Amy’s most scandalous kink owes a debt to The Sopranos.
In the series premiere, we learn that Amy, unhappy with both the emotional and sexual components of her marriage, likes to masturbate while holding George’s gun(*).
(*) Didn’t the playwright Anton Chekhov once declare that if your female lead masturbates with the aid of a gun in the first act, then your male lead has to get shot in the final act?
The idea for this came from one of Lee’s favorite shows.
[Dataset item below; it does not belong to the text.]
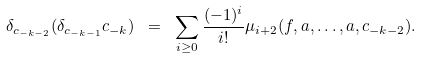Convert formula to latex. <formula><loc_0><loc_0><loc_500><loc_500>\delta _ { c _ { - k - 2 } } ( \delta _ { c _ { - k - 1 } } c _ { - k } ) \ = \ \sum _ { i \geq 0 } \frac { ( - 1 ) ^ { i } } { i ! } \mu _ { i + 2 } ( f , a , \dots , a , c _ { - k - 2 } ) .</formula> 
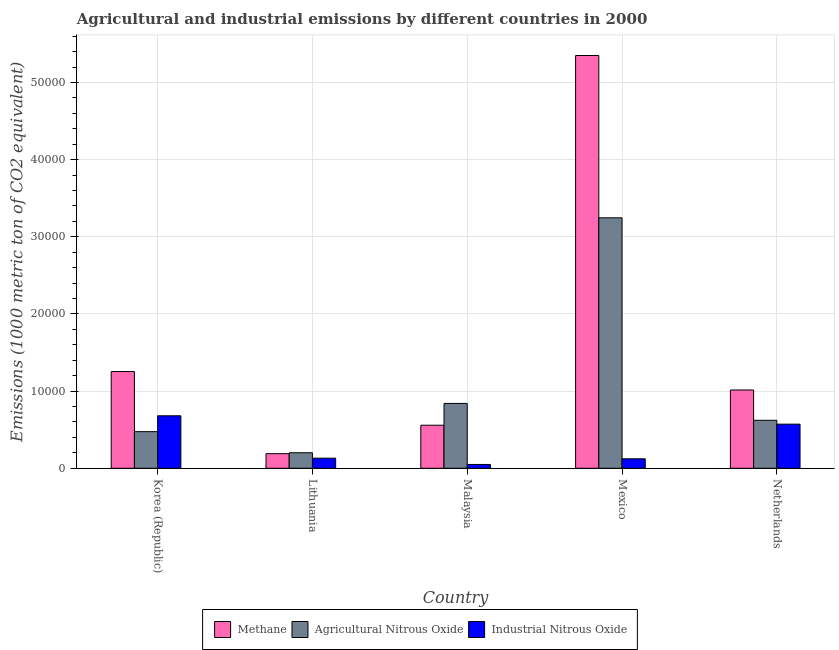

“We were just trying to figure out the quirks of this character,” Lee explains. “She’s so repressed, she can’t share anything with anyone in her life. Where would that go and what would she enjoy for herself? We didn’t want to do something just to be risqué or crude, and we were trying to figure out what it is that she would get excited by. I knew that I wanted to have a gun in play. And I thought about that Sopranos scene where Richie and Janice are having sex and the gun’s pointed to her head. I rewatched The Sopranos quite a bit while we were writing, and I sent The Soprano Sessions(*) to every writer before we started. We tried to make it a Holy Grail/North Star. That scene is so funny and just perfectly executed. I was like, Oh, that’s kind of like Amy. We started going down that direction and it really came to life once we found the intercutting between Steven driving to her place. Because I think alone, maybe that scene wouldn’t have been as good because it’s just someone masturbating with her gun. But I think the joy of that character with her gun, while Steven is so funny and is coming to their house, it really came alive in the edit.”
(*) Author’s note: The Sopranos Sessions is a book I co-wrote.
No, Ali Wong did not really dye her hair blonde.
Amy undergoes two drastic hair makeovers over the course of the season, including a severe new cut with sharp bangs, and a period where she becomes a platinum blonde. In both cases, Wong wore a wig, in part because the production was block shooting — filming scenes from multiple episodes at the same time — in part because the dye job in particular would have been too difficult.
“I’ve never dyed my hair before, but I was willing to do it,” she says. “I did not know also that when you have jet-black hair, it’s a two to three-day process and a bunch of your hair falls out when you want to go blonde, because you have to strip your original hair of its color and you have to sit in this hair and do nothing, which is like my nightmare. But I was willing to do it. But because we were block shooting, there were days where I would have three hair changes.”
It was also a stark change from how Wong styles herself in her day job.
“When I do stand-up, I just do my own hair and makeup,” she says. “It literally takes me five minutes. I go like this [she brushes out her hair with her hands], and then I put on eyeliner and Vaseline on my lips, and that’s it. I wore the same outfit every single time. So, it was wild for me to do all of those hair changes, but I loved it.”